In that sense, I can losslessly compress everything down to zero bits, and recov...

ebg13 · on April 7, 2020

You're ignoring two things:

1) that the aggregate savings from compressing the images needs to outweigh the initial cost of distributing the decompressor.

2) to be lossless, decompression must be deterministic an unambiguous, so you can't compress _everything_ down to zero bits; you can compress only _one_ thing down to zero bits, because otherwise you wouldn't be able to unambiguously determine which thing is represented by your zero bits.

yters · on April 7, 2020

In each case I pick out an algorithm beforehand that will inflate my zero bits to whatever artifact I desire.

milesvp · on April 7, 2020

You have to convey which algorithm, which takes bits. And at the very least you need a pointer to a file, which also takes bits. You’d do well to look for archives of alt.comp.compression.

There was also a classic thread that surfaced recently on HN about a compression challenge whereby someone tried to disengenuously attempt to compress a file of random data (uncompressable by definition) by splitting it on a character then deleting that character from each file. Was a simple algorithm, that appeared to require fewer bits to encode. The problem is, all this person did was shift the bits to the filesystem’s metadata, which is not obvious from the command line.
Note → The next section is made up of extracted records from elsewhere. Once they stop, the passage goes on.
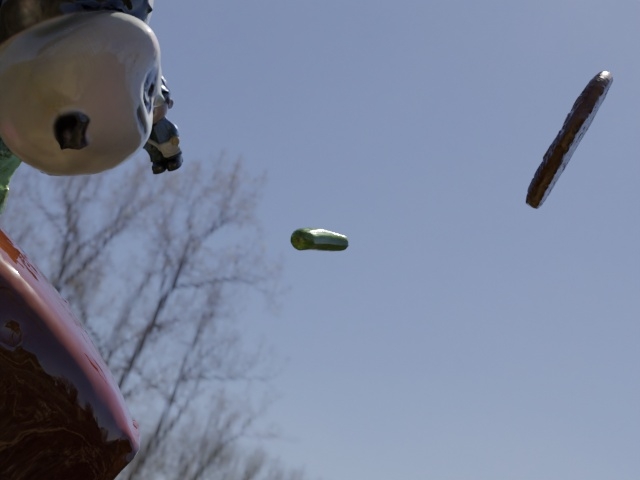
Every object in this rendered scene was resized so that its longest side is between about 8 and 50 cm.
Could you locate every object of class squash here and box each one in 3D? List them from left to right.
[{"bbox_3d":[-0.001,0.000,1.269,0.027,0.027,0.089,5,-1,33],"label":"squash"}]

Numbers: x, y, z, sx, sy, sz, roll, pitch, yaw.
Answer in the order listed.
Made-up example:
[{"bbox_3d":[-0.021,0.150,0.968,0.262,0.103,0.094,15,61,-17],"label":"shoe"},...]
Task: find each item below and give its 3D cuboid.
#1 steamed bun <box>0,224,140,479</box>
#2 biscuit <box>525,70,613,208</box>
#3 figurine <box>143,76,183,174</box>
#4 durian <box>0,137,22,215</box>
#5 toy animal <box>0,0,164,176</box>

The final encoding ended up taking more bits once you take said metadata into account.

karpierz · on April 7, 2020

Then that becomes part of the payload that you decompress, and you no longer have a 0 byte payload.

ebg13 · on April 7, 2020

"I will custom write a new program to (somehow) generate each image and then distribute that instead of my image" is not a compression algorithm. But I think you'd do well over at the halfbakery.

yters · on April 7, 2020

It works well if it's the only image!

ebg13 · on April 7, 2020

Now you're chasing your own tail. You've gone from "I can losslessly compress everything" to "I can losslessly compress exactly one thing only".

yters · on April 7, 2020

I'm arguing it's the same as this image compression technique. They rely on a huge neural network which must exist wherever the image is to be decompressed.
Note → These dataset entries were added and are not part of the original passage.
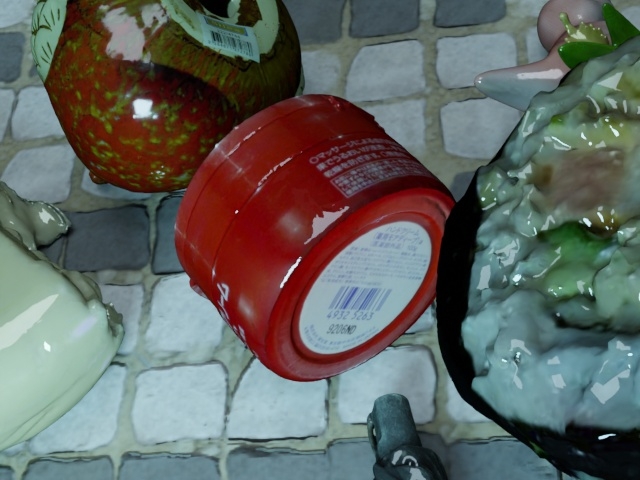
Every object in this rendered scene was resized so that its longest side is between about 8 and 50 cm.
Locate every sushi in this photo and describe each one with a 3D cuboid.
[{"bbox_3d":[0.269,0.052,0.731,0.328,0.285,0.328,-17,44,29],"label":"sushi"}]

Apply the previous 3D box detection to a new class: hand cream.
[{"bbox_3d":[0.000,0.000,0.871,0.193,0.193,0.125,-36,53,-12],"label":"hand cream"}]

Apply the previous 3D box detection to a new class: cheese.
[{"bbox_3d":[-0.288,0.050,0.948,0.233,0.127,0.266,-38,57,-17],"label":"cheese"}]

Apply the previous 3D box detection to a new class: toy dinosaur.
[{"bbox_3d":[0.211,-0.153,0.963,0.194,0.152,0.177,-32,45,-18],"label":"toy dinosaur"}]

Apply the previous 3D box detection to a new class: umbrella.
[{"bbox_3d":[0.072,0.209,0.786,0.066,0.059,0.236,-1,50,-13],"label":"umbrella"}]

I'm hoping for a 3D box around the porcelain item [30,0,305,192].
[{"bbox_3d":[-0.146,-0.139,1.021,0.253,0.253,0.253,-7,54,9],"label":"porcelain item"}]

If I'm allowed to bring along an unlimited amount of background data, then I can compress everything down to zero bits.

In contrast, an algorithm like LZ78 can expressed in a 5 line python script and perform decently on a wide variety of data types.

ebg13 · on April 7, 2020

> If I'm allowed to bring along an unlimited amount of background data, then I can compress everything down to zero bits.

If by "background data" you mean the decompressor, this is patently false. No matter how much information is contained in the decompressor (The Algorithm + stable weights that don't change), you can only compress one thing down to any given new representation ( low resolution image + differential from rescale using stable weights ).

If by "background data" you mean new data that the decompressor doesn't already have, then you're ignoring the definition of compression. Your compressed data is all bits sent on the fly that aren't already possessed by the side doing the decompression regardless of obtuse naming scheme.

> I'm arguing it's the same as this image compression technique.

That's wrong, because this scheme doesn't claim to send a custom image generator instead of each image, which is what you're proposing.

mypalmike · on April 7, 2020

The neutral network is not an unlimited amount of data. It is fixed size, and not transferred.

Further, if you're not familiar with the pigeonhole principle, it might be worth a read on Wikipedia.

atorodius · on April 7, 2020

You are missing the point that you can use the same algorithm to compress N → infinity images. So the algorithm size amortizes.

yters · on April 7, 2020

Is that true?

nullc · on April 7, 2020

Unless it's overfit on some particular inputs, but if so-- it's bad science.

Ideally they would have trained the network on a non-overlapping collection of images from their testing but if they did that I don't see it mentioned in the paper.

The model is only 15.72 MiB (after compression with xz), so it would amortize pretty quickly... even if it was trained on the input it looks like it still may be pretty competitive at a fairly modest collection size.

chickenpotpie · on April 7, 2020

Yes you can. However, it doesn't mean it's good lossless compression.